YOUR TASK: The listing beneath should be written out in full, exactly as shown.

DATA IN THIS EXERCISE:
= Beginning of Section =

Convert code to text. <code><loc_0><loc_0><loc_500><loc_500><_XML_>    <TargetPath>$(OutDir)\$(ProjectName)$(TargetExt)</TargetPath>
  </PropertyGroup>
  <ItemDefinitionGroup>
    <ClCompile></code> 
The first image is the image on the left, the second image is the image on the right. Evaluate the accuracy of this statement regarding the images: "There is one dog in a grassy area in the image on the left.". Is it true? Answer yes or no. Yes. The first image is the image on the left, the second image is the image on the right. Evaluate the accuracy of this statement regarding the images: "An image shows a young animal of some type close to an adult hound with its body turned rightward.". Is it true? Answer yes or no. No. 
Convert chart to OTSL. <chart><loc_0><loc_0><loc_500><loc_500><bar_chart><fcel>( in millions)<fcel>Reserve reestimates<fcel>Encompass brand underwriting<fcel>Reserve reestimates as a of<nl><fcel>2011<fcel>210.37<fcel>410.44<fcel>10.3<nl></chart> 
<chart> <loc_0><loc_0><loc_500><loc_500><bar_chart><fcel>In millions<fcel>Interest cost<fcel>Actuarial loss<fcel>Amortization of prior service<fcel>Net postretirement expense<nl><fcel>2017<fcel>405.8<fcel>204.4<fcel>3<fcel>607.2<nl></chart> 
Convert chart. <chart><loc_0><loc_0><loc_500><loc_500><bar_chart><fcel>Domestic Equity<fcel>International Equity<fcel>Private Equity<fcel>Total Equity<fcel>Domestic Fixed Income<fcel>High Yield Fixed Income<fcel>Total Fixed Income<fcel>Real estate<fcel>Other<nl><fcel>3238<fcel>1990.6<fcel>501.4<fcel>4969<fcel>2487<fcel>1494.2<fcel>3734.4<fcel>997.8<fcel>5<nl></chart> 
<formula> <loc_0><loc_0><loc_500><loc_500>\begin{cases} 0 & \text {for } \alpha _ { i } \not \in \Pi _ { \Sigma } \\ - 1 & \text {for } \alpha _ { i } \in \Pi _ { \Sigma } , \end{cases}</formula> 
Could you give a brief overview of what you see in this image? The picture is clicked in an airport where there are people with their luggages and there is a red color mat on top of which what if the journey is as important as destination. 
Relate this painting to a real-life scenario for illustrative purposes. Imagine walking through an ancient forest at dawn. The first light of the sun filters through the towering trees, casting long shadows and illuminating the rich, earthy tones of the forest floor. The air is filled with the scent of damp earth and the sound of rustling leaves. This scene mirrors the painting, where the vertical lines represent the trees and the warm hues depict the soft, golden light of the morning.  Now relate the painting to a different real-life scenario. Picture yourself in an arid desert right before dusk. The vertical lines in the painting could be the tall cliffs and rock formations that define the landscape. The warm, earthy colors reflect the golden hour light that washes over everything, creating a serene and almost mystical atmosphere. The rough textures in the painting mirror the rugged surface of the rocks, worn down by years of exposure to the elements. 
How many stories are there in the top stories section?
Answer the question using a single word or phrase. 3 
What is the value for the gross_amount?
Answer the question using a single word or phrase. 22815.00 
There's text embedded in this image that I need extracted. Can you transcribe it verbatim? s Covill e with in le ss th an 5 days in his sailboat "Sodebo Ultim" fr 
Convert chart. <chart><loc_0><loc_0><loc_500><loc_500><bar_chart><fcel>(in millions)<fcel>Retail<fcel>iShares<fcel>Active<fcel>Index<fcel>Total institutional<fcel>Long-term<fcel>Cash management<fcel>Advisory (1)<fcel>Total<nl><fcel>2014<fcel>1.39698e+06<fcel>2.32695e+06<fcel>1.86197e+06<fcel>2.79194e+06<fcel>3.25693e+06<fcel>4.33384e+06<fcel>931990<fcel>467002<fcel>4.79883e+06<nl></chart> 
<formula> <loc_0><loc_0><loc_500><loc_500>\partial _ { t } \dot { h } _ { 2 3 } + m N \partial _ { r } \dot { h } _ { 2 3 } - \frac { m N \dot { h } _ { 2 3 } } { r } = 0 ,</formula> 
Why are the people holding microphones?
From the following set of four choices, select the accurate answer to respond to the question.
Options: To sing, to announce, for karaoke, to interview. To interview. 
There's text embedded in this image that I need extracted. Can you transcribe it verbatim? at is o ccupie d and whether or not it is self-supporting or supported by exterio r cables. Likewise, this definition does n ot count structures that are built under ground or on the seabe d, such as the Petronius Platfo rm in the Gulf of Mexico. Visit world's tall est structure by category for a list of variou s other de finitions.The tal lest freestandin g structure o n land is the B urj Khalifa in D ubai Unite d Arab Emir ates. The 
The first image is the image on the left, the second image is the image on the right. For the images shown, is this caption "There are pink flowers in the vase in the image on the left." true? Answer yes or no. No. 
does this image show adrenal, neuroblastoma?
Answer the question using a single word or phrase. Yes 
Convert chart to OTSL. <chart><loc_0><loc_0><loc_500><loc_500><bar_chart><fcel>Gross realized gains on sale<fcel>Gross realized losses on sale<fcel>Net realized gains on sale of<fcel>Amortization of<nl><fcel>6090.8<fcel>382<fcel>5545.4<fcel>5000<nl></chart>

= End of Section =

ANSWER TO THE EXERCISE:
Convert code to text. <code><loc_0><loc_0><loc_500><loc_500><_XML_>    <TargetPath>$(OutDir)\$(ProjectName)$(TargetExt)</TargetPath>
  </PropertyGroup>
  <ItemDefinitionGroup>
    <ClCompile></code> 
The first image is the image on the left, the second image is the image on the right. Evaluate the accuracy of this statement regarding the images: "There is one dog in a grassy area in the image on the left.". Is it true? Answer yes or no. Yes. The first image is the image on the left, the second image is the image on the right. Evaluate the accuracy of this statement regarding the images: "An image shows a young animal of some type close to an adult hound with its body turned rightward.". Is it true? Answer yes or no. No. 
Convert chart to OTSL. <chart><loc_0><loc_0><loc_500><loc_500><bar_chart><fcel>( in millions)<fcel>Reserve reestimates<fcel>Encompass brand underwriting<fcel>Reserve reestimates as a of<nl><fcel>2011<fcel>210.37<fcel>410.44<fcel>10.3<nl></chart> 
<chart> <loc_0><loc_0><loc_500><loc_500><bar_chart><fcel>In millions<fcel>Interest cost<fcel>Actuarial loss<fcel>Amortization of prior service<fcel>Net postretirement expense<nl><fcel>2017<fcel>405.8<fcel>204.4<fcel>3<fcel>607.2<nl></chart> 
Convert chart. <chart><loc_0><loc_0><loc_500><loc_500><bar_chart><fcel>Domestic Equity<fcel>International Equity<fcel>Private Equity<fcel>Total Equity<fcel>Domestic Fixed Income<fcel>High Yield Fixed Income<fcel>Total Fixed Income<fcel>Real estate<fcel>Other<nl><fcel>3238<fcel>1990.6<fcel>501.4<fcel>4969<fcel>2487<fcel>1494.2<fcel>3734.4<fcel>997.8<fcel>5<nl></chart> 
<formula> <loc_0><loc_0><loc_500><loc_500>\begin{cases} 0 & \text {for } \alpha _ { i } \not \in \Pi _ { \Sigma } \\ - 1 & \text {for } \alpha _ { i } \in \Pi _ { \Sigma } , \end{cases}</formula> 
Could you give a brief overview of what you see in this image? The picture is clicked in an airport where there are people with their luggages and there is a red color mat on top of which what if the journey is as important as destination. 
Relate this painting to a real-life scenario for illustrative purposes. Imagine walking through an ancient forest at dawn. The first light of the sun filters through the towering trees, casting long shadows and illuminating the rich, earthy tones of the forest floor. The air is filled with the scent of damp earth and the sound of rustling leaves. This scene mirrors the painting, where the vertical lines represent the trees and the warm hues depict the soft, golden light of the morning.  Now relate the painting to a different real-life scenario. Picture yourself in an arid desert right before dusk. The vertical lines in the painting could be the tall cliffs and rock formations that define the landscape. The warm, earthy colors reflect the golden hour light that washes over everything, creating a serene and almost mystical atmosphere. The rough textures in the painting mirror the rugged surface of the rocks, worn down by years of exposure to the elements. 
How many stories are there in the top stories section?
Answer the question using a single word or phrase. 3 
What is the value for the gross_amount?
Answer the question using a single word or phrase. 22815.00 
There's text embedded in this image that I need extracted. Can you transcribe it verbatim? s Covill e with in le ss th an 5 days in his sailboat "Sodebo Ultim" fr 
Convert chart. <chart><loc_0><loc_0><loc_500><loc_500><bar_chart><fcel>(in millions)<fcel>Retail<fcel>iShares<fcel>Active<fcel>Index<fcel>Total institutional<fcel>Long-term<fcel>Cash management<fcel>Advisory (1)<fcel>Total<nl><fcel>2014<fcel>1.39698e+06<fcel>2.32695e+06<fcel>1.86197e+06<fcel>2.79194e+06<fcel>3.25693e+06<fcel>4.33384e+06<fcel>931990<fcel>467002<fcel>4.79883e+06<nl></chart> 
<formula> <loc_0><loc_0><loc_500><loc_500>\partial _ { t } \dot { h } _ { 2 3 } + m N \partial _ { r } \dot { h } _ { 2 3 } - \frac { m N \dot { h } _ { 2 3 } } { r } = 0 ,</formula> 
Why are the people holding microphones?
From the following set of four choices, select the accurate answer to respond to the question.
Options: To sing, to announce, for karaoke, to interview. To interview. 
There's text embedded in this image that I need extracted. Can you transcribe it verbatim? at is o ccupie d and whether or not it is self-supporting or supported by exterio r cables. Likewise, this definition does n ot count structures that are built under ground or on the seabe d, such as the Petronius Platfo rm in the Gulf of Mexico. Visit world's tall est structure by category for a list of variou s other de finitions.The tal lest freestandin g structure o n land is the B urj Khalifa in D ubai Unite d Arab Emir ates. The 
The first image is the image on the left, the second image is the image on the right. For the images shown, is this caption "There are pink flowers in the vase in the image on the left." true? Answer yes or no. No. 
does this image show adrenal, neuroblastoma?
Answer the question using a single word or phrase. Yes 
Convert chart to OTSL. <chart><loc_0><loc_0><loc_500><loc_500><bar_chart><fcel>Gross realized gains on sale<fcel>Gross realized losses on sale<fcel>Net realized gains on sale of<fcel>Amortization of<nl><fcel>6090.8<fcel>382<fcel>5545.4<fcel>5000<nl></chart>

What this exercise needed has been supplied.